D.C. officials and Del. Eleanor Holmes Norton continued the push for recreational cannabis sales in 2018, when control of the House of Representatives flipped to Democrats and Bowser again submitted a tax-and-regulation bill to the Council.

The 2021 measure takes steps to reckon with the toll the longtime criminalization of the drug has taken on communities of color in the District. The bill would expunge some marijuana-related offenses from people’s criminal records. It would also funnel sales tax revenue — as much as $1 million in fiscal year 2023 and $2 million in years after — into helping “social equity applicants and returning citizens” get start-ups off the ground. That’s a change from Bowser’s last marijuana legalization bill in 2019, which directed all sales tax revenue to affordable housing programs.
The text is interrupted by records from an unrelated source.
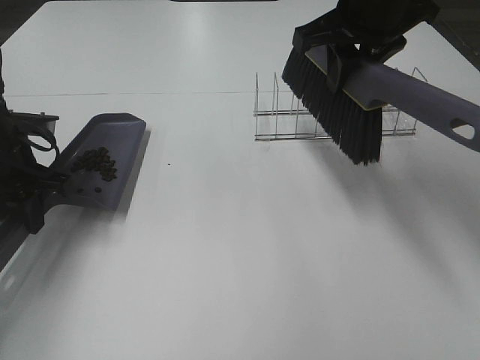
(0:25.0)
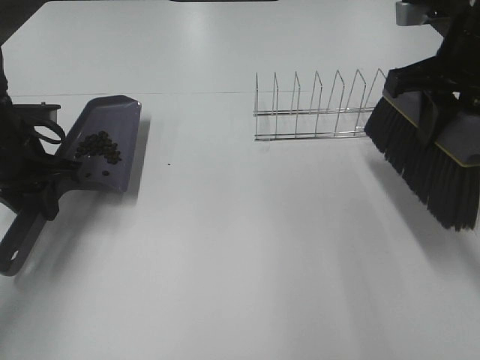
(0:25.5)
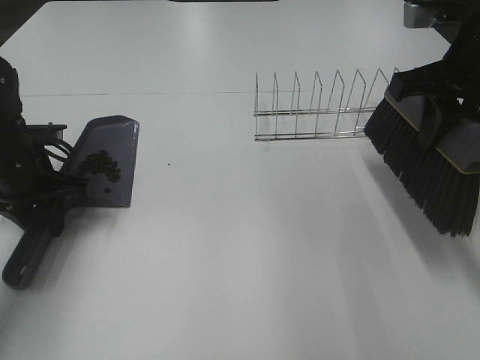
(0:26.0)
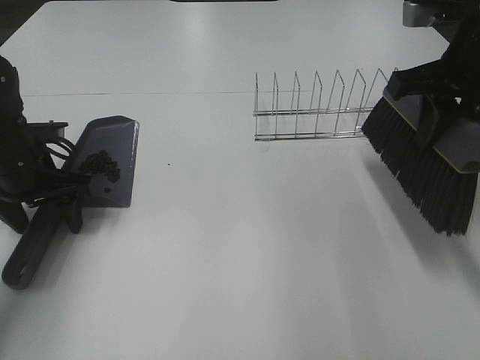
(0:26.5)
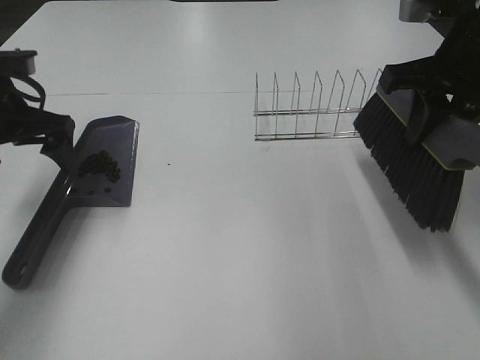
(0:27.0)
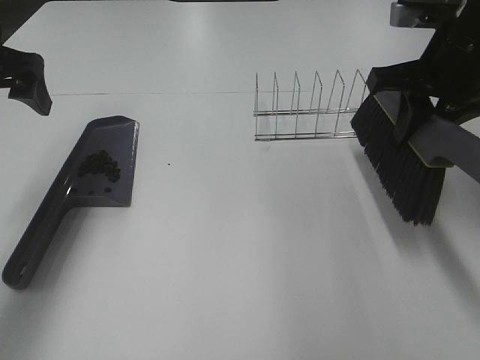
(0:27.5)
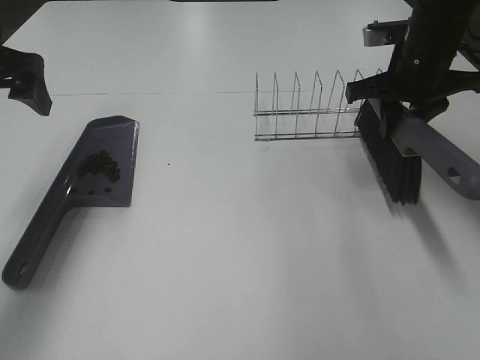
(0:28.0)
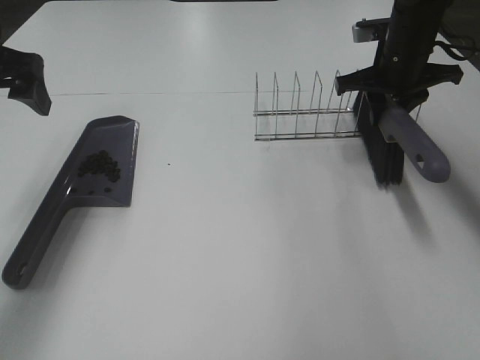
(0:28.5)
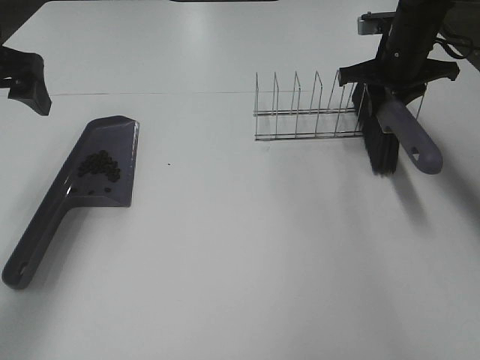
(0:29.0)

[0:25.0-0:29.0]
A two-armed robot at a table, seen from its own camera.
Task of the whole recording: Sweep Coffee Bean.
Step, 0:25.0 to 0:26.5: Left hand:place the dustpan on the table.
0:25.0 to 0:27.0: The right gripper moves to the right and backward, roughly 10 cm. Meanwhile the left gripper goes roughly 5 cm upward, and opens its fingers.
0:27.0 to 0:29.0: The right gripper heads forward and downward, covering some 20 cm. Meanwhile the left gripper is displaced upward by roughly 5 cm.

Her new bill also creates a new license category for microbusinesses (cultivators of fewer than 300 plants at a time) and third-party “social equity” delivery services, which would allow home delivery of marijuana by people who meet certain income and residency requirements, including having lived in wards 7 or 8 for the five preceding years. The bill would additionally enable returning citizens and residents with criminal backgrounds to work and own cannabis businesses.

More revenue from cannabis sales would go towards funding organizations in wards 7 and 8. That list includes women and minority-owned small businesses opening or expanding restaurants; small grocery stores; and public school afterschool programs in wards 5,7, and 8, which would receive as much as $3 million in 2023 and $6 million in 2024 and beyond.

Under the measure, D.C. would require cannabis vendors to have their products tested by an independent facility to track their potency and check them for contaminants. D.C. would also establish branding and advertising guidelines to “minimize exposing minors to cannabis,” per the press release.

Elsewhere in the D.C. region, Virginia is also inching closer to passing marijuana legalization. Maryland is debating its own bill, too, and the state already has medical marijuana dispensaries.

If Bowser’s cannabis bill does pass this year — and if Congress, now entirely in Democratic hands, doesn’t block D.C. from paying for it — sales of marijuana could start in Oct. 2022.